万華(その4)-2
僕は燿子の双臀の細い切れ目に舌を少しずつ挿入し始める。鼻でその谷間の肉を押し分けるよ
うに尻の蕾を舌で探る。そして唾液を含んだ舌が燿子の蕾に触れると、彼女は思わずぶるっと下
半身を震わせた。その双臀の割れ目の溝にたっぷりと僕の唾汁が塗りこまれる。
女の尻の深みにその舌を潜り込ませていく感触に僕は息をはずませ、しだいに肉棒が硬さを増
していくのを感じていた。
その白い双丘の深く細い切れ目に、僕の荒い鼻息を含んだ熱気が籠もる。僕は鼻先を強くその
谷間に押しつけ、燿子の産毛の生えたような薄紅色のすぼまりに舌を触れる。
その蕾のようなすぼまりに滲みた燿子の匂いを嗅ぎたかったのだ。女の股間の汗が混ざったそ
の肛門のすぼまりの潤みが、艶めかしい被虐の芳香を僕に与えるのだ。
「…あっ…ん…」
燿子は、快感とも呻きともつかないような声をあげた。
僕はその肛門の縁肉を舐め、徐々にそのすぼまりの内部に舌を差し込み、内側の粘膜の汁さえ
啜ろうとする。しだいに犬のようにピチャピチャと舌先で尻穴の周辺の襞をかき回すように舌で
なぞる。その僕の唾液が燿子の尻の割れ目から股間に滴り流れている。
しだいに燿子の股間の湿り気をもった疼きさえ僕の舌に伝わってくるようだった。
「…ううっ…ん…いいわ…」
燿子は下半身を僕の舌で突き上げられ、内股の筋肉さえ張っている。白いうなじから背中にか
けて仰け反らせ、その白い下肢さえ引きつらせるように悩ましく小刻みに震えさせていた。
僕はその肛門の蕾を舌でこじ開け執拗に挿入しようとすると、その菊芽のねっとりとした粘膜
がめくれる。
…ああ…っ…
その舌はやがて双臀の大きな翳り全体の重みを感じていた。すぼまりから股間へ続く臀裂に沿
って僕は激しく唇でその谷間の湿り気を啜る。同時に燿子の肛門の縁襞がわずかに収縮している。
無意識のうちに燿子は尻襞をわずかに蠢かせているようだった。
自分自身の性の欺瞞を知っている女は、決して満たされることがない女だ…
そんな女たちは僕の体を獲物として捕らえたかと思うと、豹変したように僕を嬲り続ける。
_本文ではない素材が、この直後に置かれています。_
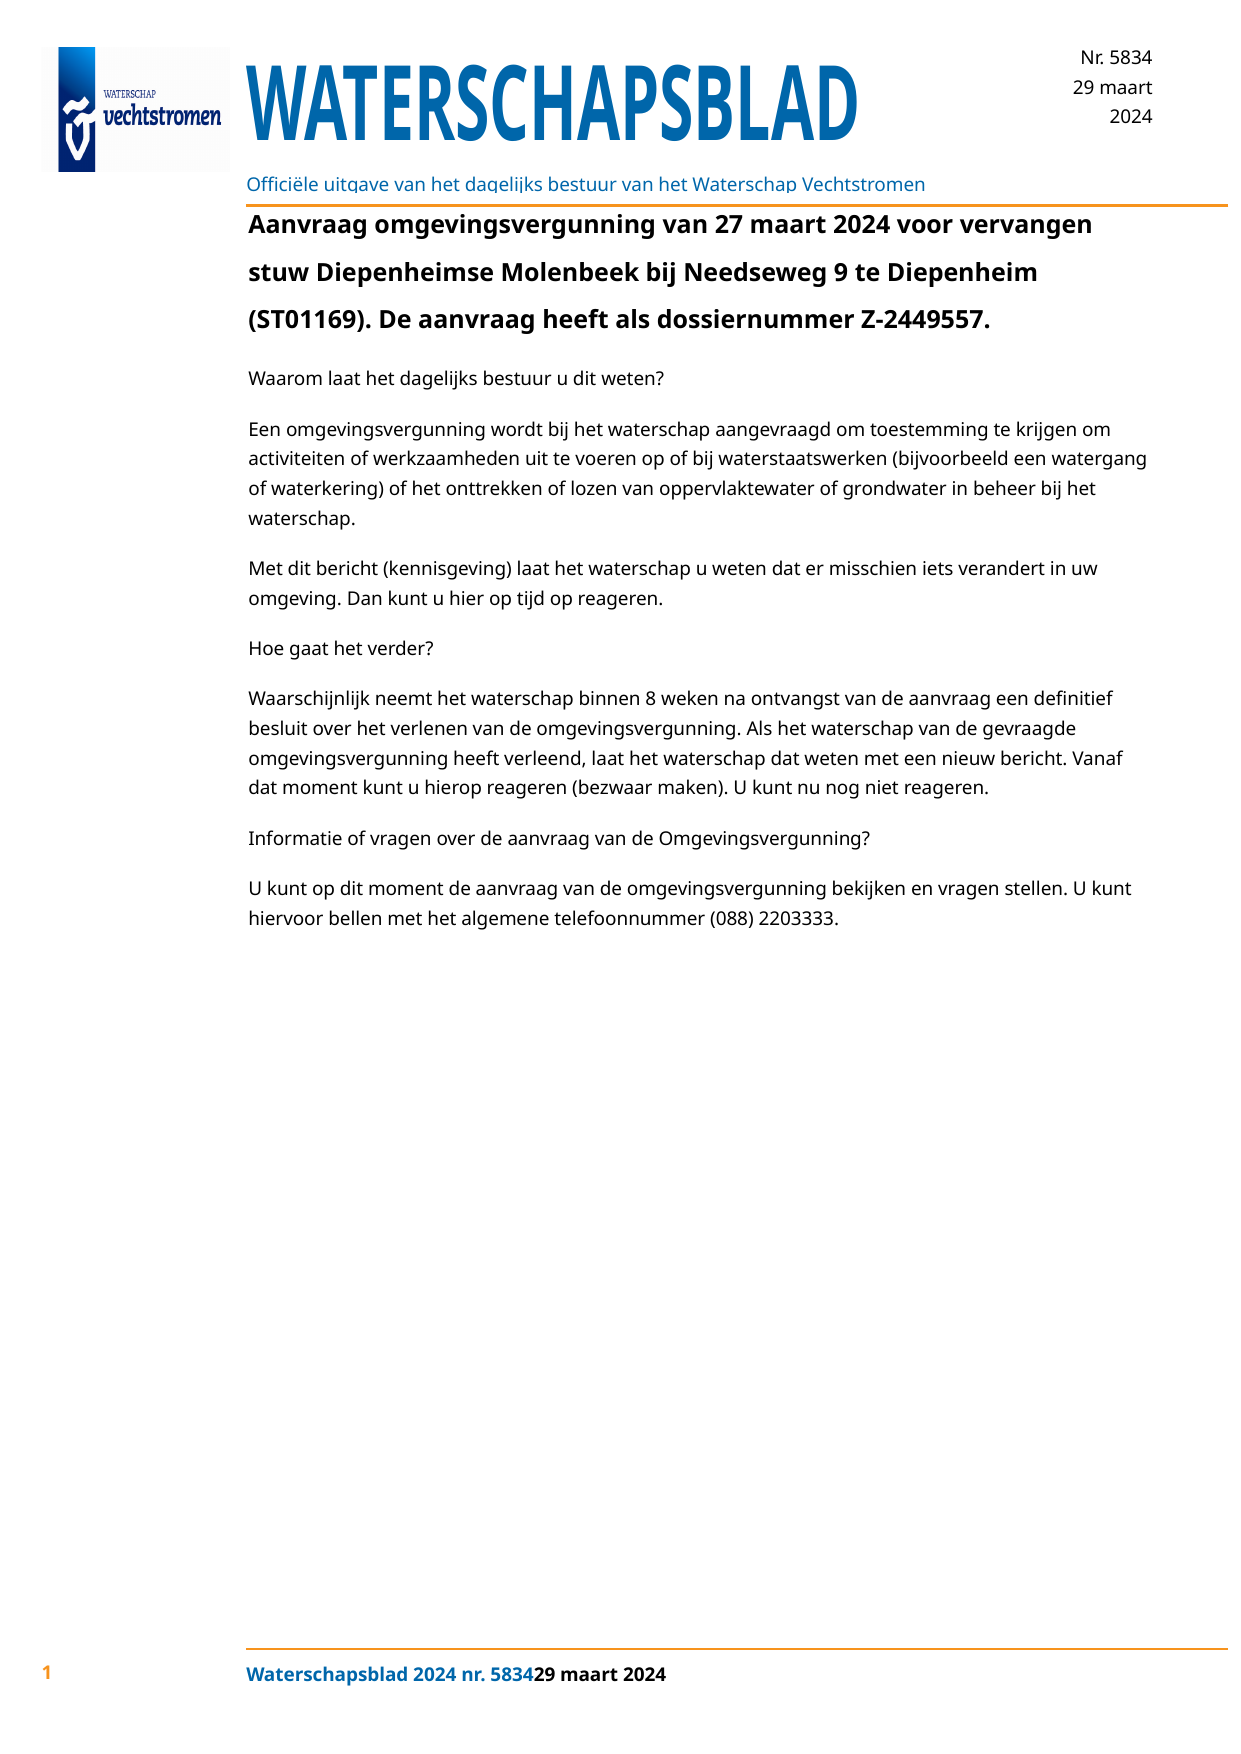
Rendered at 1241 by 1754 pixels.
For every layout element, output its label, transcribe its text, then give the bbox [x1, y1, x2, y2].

僕の性器を嘲笑い、僕の肌に喰い込むくらい強く鞭を振り下ろし、女はその肉襞の粘膜を震え
るように擦り合わせ、官能に打ち震えながら淫汁を滴らせる。
僕のペ○スを咥え、しゃぶり続け、腰を振りながら何度となく登りつめ、果てても、そんな女
たちの深く暗い洞窟の出口は無限の先にある…。そこにあるのは、ただの空虚な寂寥だけなのだ。
それは僕自身も同じなのだ。まるで犬のように裸のまま鉄の檻に入れられ、その恥辱と苦痛に
どれだけ精液を垂れ流しても、求め続ける奴隷のような淫悦の実現は、深海のような果てしもな
い奈落の底にある。
どんなに痛めつけても…痛めつけられても…決して満たされることのない女たちと僕…
ただ異性の肉体の中に自分の性魔の幻影を見ているにすぎない。それはまるで鏡のような湖面
に自分自身を映し、自分の姿を抱きしめ溺愛することと同じだ。
情欲の赴くままに、痴態の限りを尽くし喘ぎながらも、満たされない肉欲の無意識の葛藤を繰
り返すだけなのだ。
地下室の換気用のダクトに流れる風の音が、どこか闇の啜り泣きのように聞こえてくる。
私はゆっくり煙草に火をつけた。私の足元の床に仰向けに横たわる全裸のアキラは、身を縮ま
せるように後ろ手に手枷で拘束された体を私の前に晒していた。そのアキラの美しく冴えわたる
象牙色の裸体を舐め廻すように視線を注ぐ。
その若い男のあまりに美しい肌に私は眩惑したように眩暈さえ感じていた。